- WHAT NEEDS TO BE DONE:
Each line below should be retyped exactly, with no pictures.

BEGIN SUPPLIED ENTRIES

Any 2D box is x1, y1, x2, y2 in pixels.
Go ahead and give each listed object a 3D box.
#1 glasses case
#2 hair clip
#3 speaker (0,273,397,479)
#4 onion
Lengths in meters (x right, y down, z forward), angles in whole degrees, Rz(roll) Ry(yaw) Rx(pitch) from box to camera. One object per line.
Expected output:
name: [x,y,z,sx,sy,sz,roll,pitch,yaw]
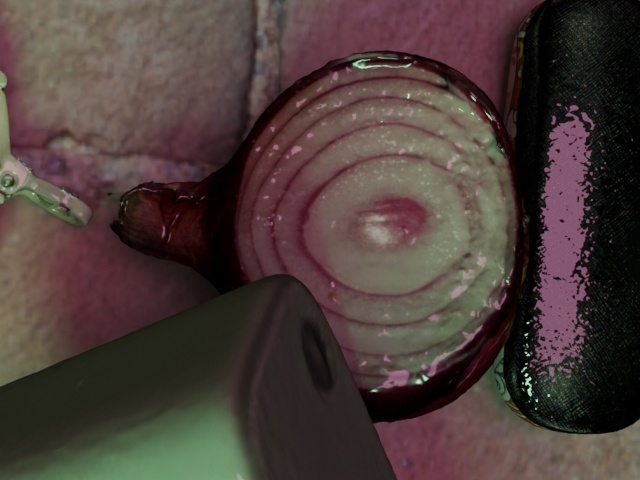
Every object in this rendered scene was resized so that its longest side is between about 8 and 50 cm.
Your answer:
glasses case: [0.159,-0.018,0.791,0.103,0.067,0.266,8,84,-17]
hair clip: [-0.183,-0.097,0.698,0.072,0.034,0.226,-17,89,-23]
speaker: [-0.028,0.234,0.593,0.184,0.183,0.406,-19,107,13]
onion: [0.000,0.000,0.704,0.218,0.140,0.195,-1,81,6]
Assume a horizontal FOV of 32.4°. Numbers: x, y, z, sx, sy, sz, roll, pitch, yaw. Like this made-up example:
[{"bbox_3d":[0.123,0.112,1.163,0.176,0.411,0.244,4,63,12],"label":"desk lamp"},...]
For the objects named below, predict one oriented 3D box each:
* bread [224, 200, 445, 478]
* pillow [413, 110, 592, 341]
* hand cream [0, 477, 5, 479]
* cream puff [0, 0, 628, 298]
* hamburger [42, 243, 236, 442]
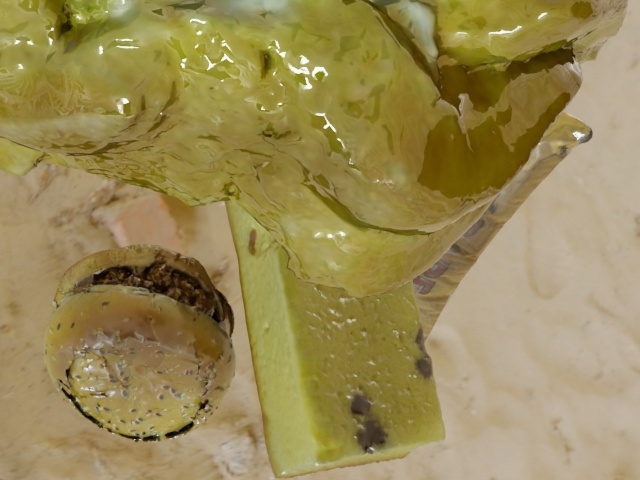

END SUPPLIED ENTRIES

- SOLUTION TO THIS EXERCISE:
Any 2D box is x1, y1, x2, y2 in pixels.
Go ahead and give each listed object a 3D box.
#1 glasses case
#2 hair clip
#3 speaker (0,273,397,479)
#4 onion
Lengths in meters (x right, y down, z forward), angles in whole degrees, Rz(roll) Ry(yaw) Rx(pitch) from box to camera. One object per line.
Expected output:
name: [x,y,z,sx,sy,sz,roll,pitch,yaw]
Every object in this rendered scene was resized so that its longest side is between about 8 and 50 cm.
Your answer:
glasses case: [0.159,-0.018,0.791,0.103,0.067,0.266,8,84,-17]
hair clip: [-0.183,-0.097,0.698,0.072,0.034,0.226,-17,89,-23]
speaker: [-0.028,0.234,0.593,0.184,0.183,0.406,-19,107,13]
onion: [0.000,0.000,0.704,0.218,0.140,0.195,-1,81,6]
Assume a horizontal FOV of 32.4°. Numbers: x, y, z, sx, sy, sz, roll, pitch, yaw. Like this made-up example:
[{"bbox_3d":[0.123,0.112,1.163,0.176,0.411,0.244,4,63,12],"label":"desk lamp"},...]
For the objects named below, predict one oriented 3D box each:
* bread [224, 200, 445, 478]
* pillow [413, 110, 592, 341]
* hand cream [0, 477, 5, 479]
* cream puff [0, 0, 628, 298]
* hamburger [42, 243, 236, 442]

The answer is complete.